START Working data

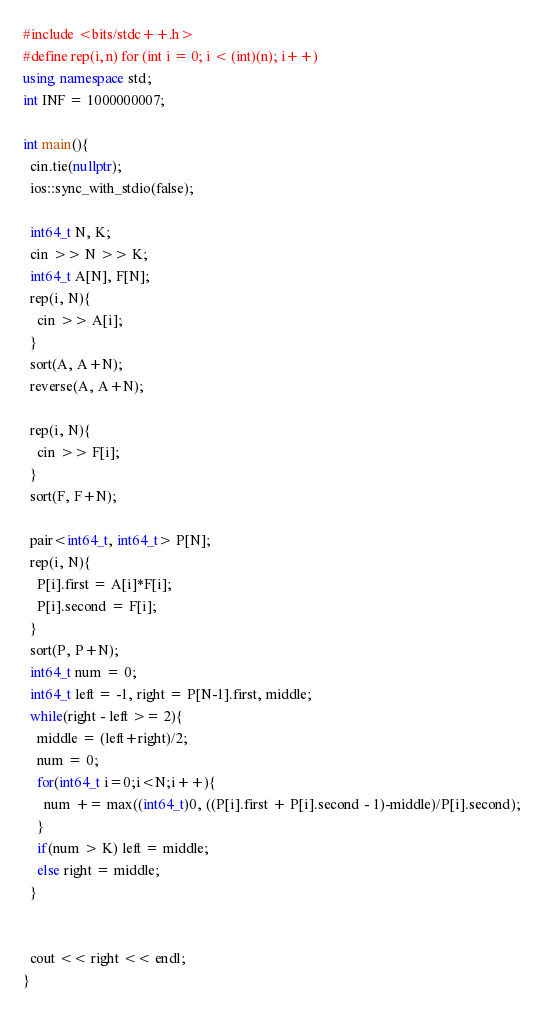<code> <loc_0><loc_0><loc_500><loc_500><_C++_>#include <bits/stdc++.h>
#define rep(i, n) for (int i = 0; i < (int)(n); i++)
using namespace std;
int INF = 1000000007;

int main(){
  cin.tie(nullptr);
  ios::sync_with_stdio(false);

  int64_t N, K;
  cin >> N >> K;
  int64_t A[N], F[N];
  rep(i, N){
    cin >> A[i];
  }
  sort(A, A+N);
  reverse(A, A+N);

  rep(i, N){
    cin >> F[i];
  }
  sort(F, F+N);

  pair<int64_t, int64_t> P[N];
  rep(i, N){
    P[i].first = A[i]*F[i];
    P[i].second = F[i];
  }
  sort(P, P+N);
  int64_t num = 0;
  int64_t left = -1, right = P[N-1].first, middle;
  while(right - left >= 2){
    middle = (left+right)/2;
    num = 0;
    for(int64_t i=0;i<N;i++){
      num += max((int64_t)0, ((P[i].first + P[i].second - 1)-middle)/P[i].second);
    }
    if(num > K) left = middle;
    else right = middle;
  }


  cout << right << endl;
}</code>

END Working data

### Task objective
Only output the lines from the one with "int INF = 1000000007;" through the end of the entries above, exactly as they are.

### Exercise result
int INF = 1000000007;

int main(){
  cin.tie(nullptr);
  ios::sync_with_stdio(false);

  int64_t N, K;
  cin >> N >> K;
  int64_t A[N], F[N];
  rep(i, N){
    cin >> A[i];
  }
  sort(A, A+N);
  reverse(A, A+N);

  rep(i, N){
    cin >> F[i];
  }
  sort(F, F+N);

  pair<int64_t, int64_t> P[N];
  rep(i, N){
    P[i].first = A[i]*F[i];
    P[i].second = F[i];
  }
  sort(P, P+N);
  int64_t num = 0;
  int64_t left = -1, right = P[N-1].first, middle;
  while(right - left >= 2){
    middle = (left+right)/2;
    num = 0;
    for(int64_t i=0;i<N;i++){
      num += max((int64_t)0, ((P[i].first + P[i].second - 1)-middle)/P[i].second);
    }
    if(num > K) left = middle;
    else right = middle;
  }


  cout << right << endl;
}</code>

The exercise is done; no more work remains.